What is expected
Starting at the line that contains "List them by" and ending at the line that contains "2. glasses case", the lines below are to be given again exactly, with nothing added.

Data provided

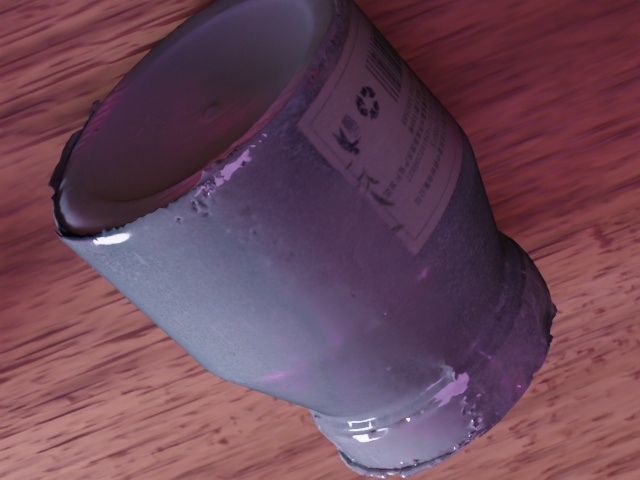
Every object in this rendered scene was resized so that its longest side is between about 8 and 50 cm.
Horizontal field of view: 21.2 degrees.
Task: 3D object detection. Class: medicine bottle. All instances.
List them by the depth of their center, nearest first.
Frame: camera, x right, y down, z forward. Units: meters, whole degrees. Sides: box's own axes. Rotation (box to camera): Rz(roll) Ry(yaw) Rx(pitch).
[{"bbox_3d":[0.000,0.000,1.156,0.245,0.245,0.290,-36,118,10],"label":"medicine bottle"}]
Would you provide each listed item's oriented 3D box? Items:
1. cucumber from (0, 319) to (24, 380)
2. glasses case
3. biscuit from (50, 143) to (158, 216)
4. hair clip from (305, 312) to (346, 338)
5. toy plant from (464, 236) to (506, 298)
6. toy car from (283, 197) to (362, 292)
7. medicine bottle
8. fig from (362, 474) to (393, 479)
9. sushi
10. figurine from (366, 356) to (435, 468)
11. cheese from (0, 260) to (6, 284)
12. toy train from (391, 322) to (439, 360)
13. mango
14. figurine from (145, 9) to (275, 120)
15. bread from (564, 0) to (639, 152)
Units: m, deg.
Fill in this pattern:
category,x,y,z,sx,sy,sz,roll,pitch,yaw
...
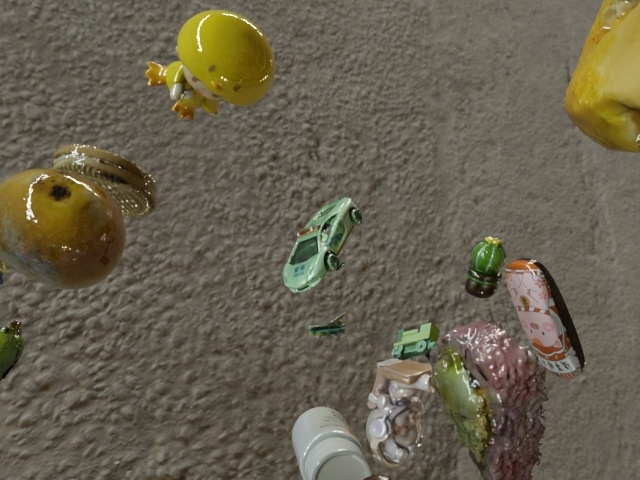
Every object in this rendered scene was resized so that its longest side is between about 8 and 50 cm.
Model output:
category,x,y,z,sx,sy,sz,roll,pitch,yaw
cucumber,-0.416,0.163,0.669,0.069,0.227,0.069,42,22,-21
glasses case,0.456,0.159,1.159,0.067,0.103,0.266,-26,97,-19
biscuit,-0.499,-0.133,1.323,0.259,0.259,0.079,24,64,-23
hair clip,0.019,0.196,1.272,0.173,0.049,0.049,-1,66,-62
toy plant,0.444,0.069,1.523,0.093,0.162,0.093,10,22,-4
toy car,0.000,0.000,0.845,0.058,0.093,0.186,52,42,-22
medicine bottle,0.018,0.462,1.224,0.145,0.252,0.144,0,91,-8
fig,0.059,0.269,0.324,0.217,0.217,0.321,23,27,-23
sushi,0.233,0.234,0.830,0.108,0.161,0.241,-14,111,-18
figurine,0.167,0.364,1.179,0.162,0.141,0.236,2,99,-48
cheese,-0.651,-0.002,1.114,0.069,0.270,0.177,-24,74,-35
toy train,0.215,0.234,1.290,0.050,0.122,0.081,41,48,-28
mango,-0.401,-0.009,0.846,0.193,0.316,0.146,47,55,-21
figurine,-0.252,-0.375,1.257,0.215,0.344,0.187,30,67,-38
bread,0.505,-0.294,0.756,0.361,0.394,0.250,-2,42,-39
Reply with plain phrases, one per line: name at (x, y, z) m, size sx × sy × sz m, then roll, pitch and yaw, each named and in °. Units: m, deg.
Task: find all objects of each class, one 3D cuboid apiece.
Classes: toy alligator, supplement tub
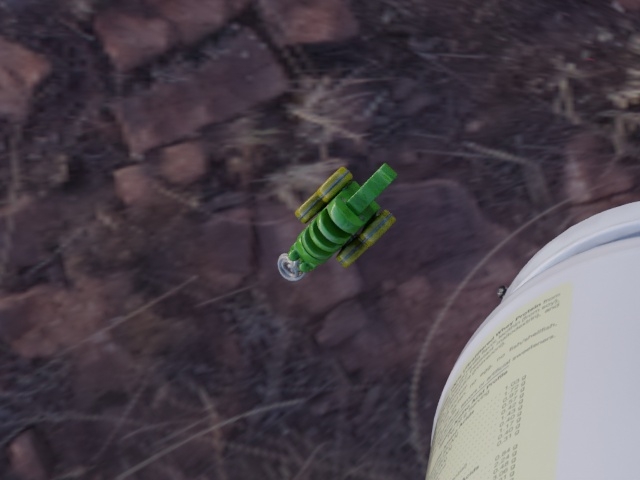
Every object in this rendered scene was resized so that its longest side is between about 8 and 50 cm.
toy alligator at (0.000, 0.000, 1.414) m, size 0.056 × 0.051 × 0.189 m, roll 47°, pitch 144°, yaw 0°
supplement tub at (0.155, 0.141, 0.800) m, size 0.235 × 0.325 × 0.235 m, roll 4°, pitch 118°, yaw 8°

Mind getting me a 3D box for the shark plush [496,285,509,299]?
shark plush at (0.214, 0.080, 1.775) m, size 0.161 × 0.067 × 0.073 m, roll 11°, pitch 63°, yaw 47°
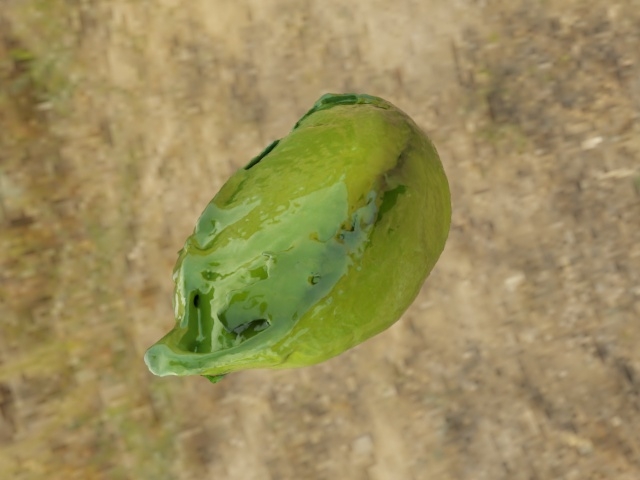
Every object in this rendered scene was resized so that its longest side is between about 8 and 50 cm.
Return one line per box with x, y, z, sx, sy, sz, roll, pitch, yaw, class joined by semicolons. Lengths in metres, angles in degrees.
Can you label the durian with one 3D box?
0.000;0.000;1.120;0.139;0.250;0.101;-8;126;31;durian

---

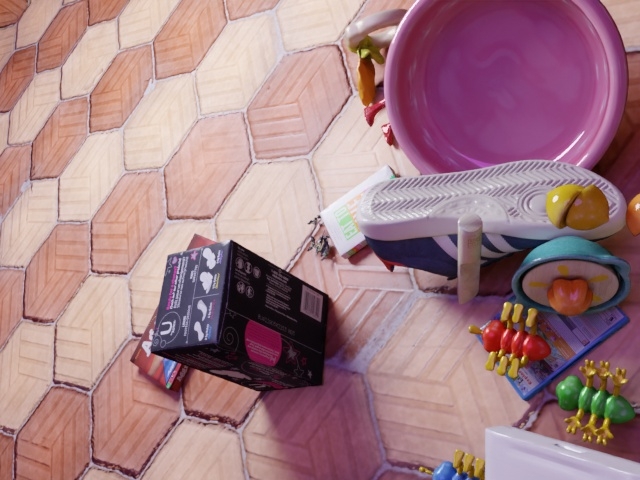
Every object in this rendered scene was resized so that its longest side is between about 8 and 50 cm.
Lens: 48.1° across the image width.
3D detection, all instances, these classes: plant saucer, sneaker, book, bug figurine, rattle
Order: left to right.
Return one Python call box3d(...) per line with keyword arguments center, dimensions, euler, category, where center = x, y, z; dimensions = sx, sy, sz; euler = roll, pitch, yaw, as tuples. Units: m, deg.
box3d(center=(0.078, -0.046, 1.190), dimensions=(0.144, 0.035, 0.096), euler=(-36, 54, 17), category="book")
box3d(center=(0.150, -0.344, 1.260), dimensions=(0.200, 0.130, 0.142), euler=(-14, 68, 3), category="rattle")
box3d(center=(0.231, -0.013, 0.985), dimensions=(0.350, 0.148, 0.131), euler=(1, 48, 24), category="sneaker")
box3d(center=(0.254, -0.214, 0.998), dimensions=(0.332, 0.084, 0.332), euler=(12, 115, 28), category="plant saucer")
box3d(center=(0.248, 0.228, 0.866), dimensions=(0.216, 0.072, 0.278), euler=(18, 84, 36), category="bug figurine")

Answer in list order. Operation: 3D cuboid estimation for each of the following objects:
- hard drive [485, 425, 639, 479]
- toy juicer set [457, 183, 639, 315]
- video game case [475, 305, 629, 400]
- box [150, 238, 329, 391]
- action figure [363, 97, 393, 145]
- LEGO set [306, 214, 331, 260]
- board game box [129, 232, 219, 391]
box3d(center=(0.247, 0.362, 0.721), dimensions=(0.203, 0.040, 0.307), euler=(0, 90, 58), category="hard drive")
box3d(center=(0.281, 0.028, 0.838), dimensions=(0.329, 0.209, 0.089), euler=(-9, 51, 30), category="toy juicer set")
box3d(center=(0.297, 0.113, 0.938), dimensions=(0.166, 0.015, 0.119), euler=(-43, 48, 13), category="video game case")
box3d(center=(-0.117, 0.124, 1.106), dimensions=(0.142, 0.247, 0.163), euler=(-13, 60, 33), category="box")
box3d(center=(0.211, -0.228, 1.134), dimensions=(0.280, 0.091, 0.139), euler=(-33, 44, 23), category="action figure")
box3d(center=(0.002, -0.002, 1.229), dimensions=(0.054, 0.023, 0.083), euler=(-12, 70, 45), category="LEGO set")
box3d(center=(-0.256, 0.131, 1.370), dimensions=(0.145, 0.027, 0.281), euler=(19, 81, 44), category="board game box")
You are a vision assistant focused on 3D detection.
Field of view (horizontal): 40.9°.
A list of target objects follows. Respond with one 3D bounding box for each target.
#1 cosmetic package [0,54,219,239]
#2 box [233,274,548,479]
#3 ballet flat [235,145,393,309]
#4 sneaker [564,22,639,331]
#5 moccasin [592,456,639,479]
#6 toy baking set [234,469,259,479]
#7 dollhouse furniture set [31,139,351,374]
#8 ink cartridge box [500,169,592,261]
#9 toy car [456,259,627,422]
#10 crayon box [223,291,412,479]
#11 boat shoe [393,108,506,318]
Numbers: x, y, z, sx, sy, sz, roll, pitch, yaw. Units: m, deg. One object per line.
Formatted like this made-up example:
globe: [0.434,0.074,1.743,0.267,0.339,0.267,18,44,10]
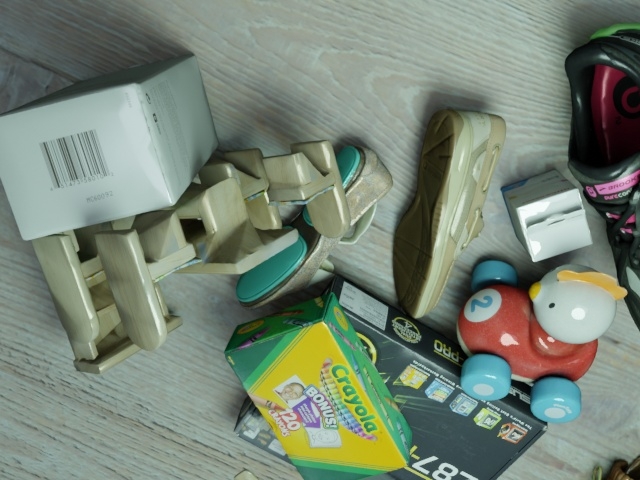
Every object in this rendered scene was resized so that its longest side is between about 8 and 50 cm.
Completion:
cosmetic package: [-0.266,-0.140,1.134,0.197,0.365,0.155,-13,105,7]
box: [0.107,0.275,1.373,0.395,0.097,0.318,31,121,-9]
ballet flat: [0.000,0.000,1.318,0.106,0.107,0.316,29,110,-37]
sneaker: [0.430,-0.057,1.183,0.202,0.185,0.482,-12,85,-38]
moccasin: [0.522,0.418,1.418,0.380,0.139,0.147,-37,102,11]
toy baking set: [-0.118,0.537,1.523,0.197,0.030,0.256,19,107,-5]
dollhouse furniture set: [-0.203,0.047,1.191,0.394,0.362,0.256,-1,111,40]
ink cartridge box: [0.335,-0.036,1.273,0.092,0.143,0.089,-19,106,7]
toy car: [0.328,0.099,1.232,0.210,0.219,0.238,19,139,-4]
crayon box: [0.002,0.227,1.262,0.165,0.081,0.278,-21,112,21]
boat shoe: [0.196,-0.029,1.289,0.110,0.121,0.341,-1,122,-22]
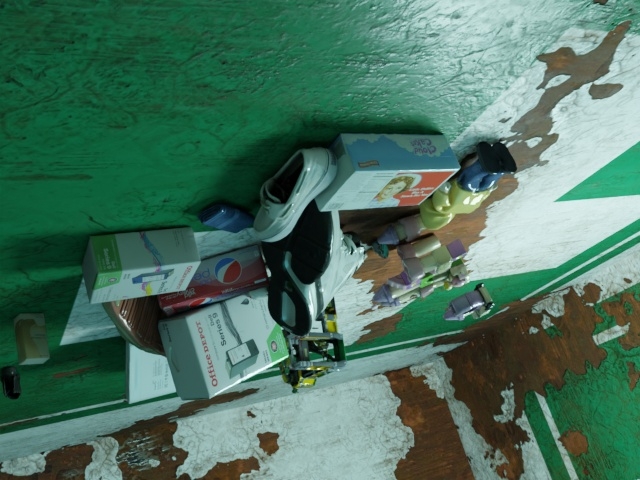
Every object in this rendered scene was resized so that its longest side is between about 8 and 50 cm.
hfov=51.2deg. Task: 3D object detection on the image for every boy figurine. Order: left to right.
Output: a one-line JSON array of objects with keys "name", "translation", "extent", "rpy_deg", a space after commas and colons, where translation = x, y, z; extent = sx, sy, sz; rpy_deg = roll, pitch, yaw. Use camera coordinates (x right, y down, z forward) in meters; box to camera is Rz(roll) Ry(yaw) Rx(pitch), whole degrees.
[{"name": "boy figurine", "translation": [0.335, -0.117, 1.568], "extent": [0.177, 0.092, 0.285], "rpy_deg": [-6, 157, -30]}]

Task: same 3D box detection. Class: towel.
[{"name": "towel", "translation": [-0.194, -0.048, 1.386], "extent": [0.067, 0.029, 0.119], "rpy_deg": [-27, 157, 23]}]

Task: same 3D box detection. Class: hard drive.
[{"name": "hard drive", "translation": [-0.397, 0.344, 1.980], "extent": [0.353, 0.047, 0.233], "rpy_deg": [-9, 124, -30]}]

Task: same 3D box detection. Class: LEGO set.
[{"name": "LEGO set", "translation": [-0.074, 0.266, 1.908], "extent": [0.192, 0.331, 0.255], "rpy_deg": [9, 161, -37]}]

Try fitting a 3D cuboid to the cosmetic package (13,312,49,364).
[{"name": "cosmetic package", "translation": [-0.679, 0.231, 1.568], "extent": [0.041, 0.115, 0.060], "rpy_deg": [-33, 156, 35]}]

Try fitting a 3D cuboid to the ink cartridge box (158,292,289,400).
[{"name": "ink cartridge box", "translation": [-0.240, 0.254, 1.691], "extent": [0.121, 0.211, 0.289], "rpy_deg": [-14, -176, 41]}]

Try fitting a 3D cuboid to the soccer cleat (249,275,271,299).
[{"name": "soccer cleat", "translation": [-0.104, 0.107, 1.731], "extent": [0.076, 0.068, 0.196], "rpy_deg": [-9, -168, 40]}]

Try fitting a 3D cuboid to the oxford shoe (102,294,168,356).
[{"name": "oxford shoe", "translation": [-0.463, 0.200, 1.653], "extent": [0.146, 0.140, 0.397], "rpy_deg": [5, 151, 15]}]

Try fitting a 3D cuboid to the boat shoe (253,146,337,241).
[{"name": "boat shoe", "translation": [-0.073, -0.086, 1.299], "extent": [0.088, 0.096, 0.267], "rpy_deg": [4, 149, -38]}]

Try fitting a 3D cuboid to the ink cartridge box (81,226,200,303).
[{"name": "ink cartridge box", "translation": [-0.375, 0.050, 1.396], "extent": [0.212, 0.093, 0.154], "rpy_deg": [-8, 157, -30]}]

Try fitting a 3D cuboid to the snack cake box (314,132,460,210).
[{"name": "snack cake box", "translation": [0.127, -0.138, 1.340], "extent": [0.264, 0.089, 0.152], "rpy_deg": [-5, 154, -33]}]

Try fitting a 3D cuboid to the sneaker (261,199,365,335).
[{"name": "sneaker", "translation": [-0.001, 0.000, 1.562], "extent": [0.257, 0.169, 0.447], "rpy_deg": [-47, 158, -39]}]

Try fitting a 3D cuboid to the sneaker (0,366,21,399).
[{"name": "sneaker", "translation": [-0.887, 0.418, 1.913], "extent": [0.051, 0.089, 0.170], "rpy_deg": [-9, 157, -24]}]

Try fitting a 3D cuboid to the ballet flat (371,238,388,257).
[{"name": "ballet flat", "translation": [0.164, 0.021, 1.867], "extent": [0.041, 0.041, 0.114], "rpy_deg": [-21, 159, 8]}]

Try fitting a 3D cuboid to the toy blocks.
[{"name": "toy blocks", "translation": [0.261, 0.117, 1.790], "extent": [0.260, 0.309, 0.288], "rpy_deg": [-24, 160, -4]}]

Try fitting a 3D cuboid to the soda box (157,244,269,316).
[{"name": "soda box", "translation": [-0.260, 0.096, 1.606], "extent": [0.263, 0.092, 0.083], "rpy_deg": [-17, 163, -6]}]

--

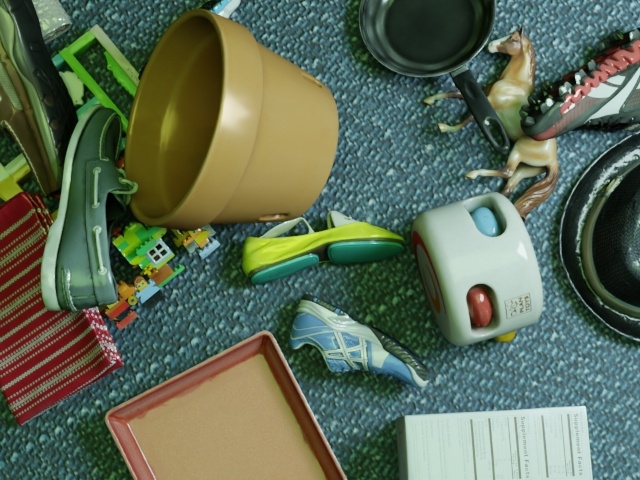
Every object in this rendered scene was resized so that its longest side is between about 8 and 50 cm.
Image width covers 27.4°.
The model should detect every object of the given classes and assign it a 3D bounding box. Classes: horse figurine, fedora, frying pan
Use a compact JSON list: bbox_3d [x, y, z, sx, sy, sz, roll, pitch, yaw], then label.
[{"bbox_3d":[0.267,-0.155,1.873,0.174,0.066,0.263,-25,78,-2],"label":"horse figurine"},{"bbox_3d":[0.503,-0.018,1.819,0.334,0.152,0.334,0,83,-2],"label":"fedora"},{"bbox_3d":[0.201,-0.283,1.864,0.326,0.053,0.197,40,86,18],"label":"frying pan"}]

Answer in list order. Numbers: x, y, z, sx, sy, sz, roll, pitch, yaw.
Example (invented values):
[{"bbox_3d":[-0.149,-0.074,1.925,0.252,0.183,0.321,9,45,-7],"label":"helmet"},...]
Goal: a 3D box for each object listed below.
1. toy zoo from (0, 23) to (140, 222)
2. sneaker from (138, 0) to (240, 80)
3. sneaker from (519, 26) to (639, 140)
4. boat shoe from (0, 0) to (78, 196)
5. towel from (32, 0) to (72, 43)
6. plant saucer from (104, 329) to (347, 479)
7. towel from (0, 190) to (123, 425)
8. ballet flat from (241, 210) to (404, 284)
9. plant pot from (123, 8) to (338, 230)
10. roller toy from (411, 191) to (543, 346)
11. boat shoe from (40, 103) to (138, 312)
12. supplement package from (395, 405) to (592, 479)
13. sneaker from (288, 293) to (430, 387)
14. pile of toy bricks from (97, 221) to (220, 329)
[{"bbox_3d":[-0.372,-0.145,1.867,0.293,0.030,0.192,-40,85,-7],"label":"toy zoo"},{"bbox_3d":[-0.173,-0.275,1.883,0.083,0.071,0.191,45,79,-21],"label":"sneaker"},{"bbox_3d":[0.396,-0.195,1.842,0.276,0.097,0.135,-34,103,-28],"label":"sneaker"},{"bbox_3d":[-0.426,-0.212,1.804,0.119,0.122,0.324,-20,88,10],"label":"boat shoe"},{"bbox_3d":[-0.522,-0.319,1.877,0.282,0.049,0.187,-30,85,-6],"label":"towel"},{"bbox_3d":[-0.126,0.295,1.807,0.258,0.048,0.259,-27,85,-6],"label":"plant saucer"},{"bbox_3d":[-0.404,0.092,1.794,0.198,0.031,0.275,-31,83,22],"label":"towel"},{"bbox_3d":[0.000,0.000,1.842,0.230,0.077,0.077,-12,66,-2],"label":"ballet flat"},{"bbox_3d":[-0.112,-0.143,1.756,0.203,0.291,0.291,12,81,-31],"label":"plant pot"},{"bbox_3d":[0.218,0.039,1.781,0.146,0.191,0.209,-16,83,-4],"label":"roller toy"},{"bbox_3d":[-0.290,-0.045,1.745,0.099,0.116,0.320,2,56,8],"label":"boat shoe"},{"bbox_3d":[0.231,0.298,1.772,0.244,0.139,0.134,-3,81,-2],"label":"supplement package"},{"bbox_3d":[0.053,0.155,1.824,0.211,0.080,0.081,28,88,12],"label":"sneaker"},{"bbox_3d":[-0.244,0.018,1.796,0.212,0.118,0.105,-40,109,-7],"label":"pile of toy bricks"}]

Answer to this problem
List them by the depth of their center, nearest first.
Frame: camera, x right, y down, z forward. Units: meters, whole degrees. Sides: box's own axes. Rotation (box to camera): Rz(roll) Ry(yaw) Rx(pitch).
[{"bbox_3d":[0.000,0.000,1.156,0.245,0.245,0.290,-36,118,10],"label":"medicine bottle"}]
Would you provide each listed item's oriented 3D box? Items:
1. cucumber from (0, 319) to (24, 380)
2. glasses case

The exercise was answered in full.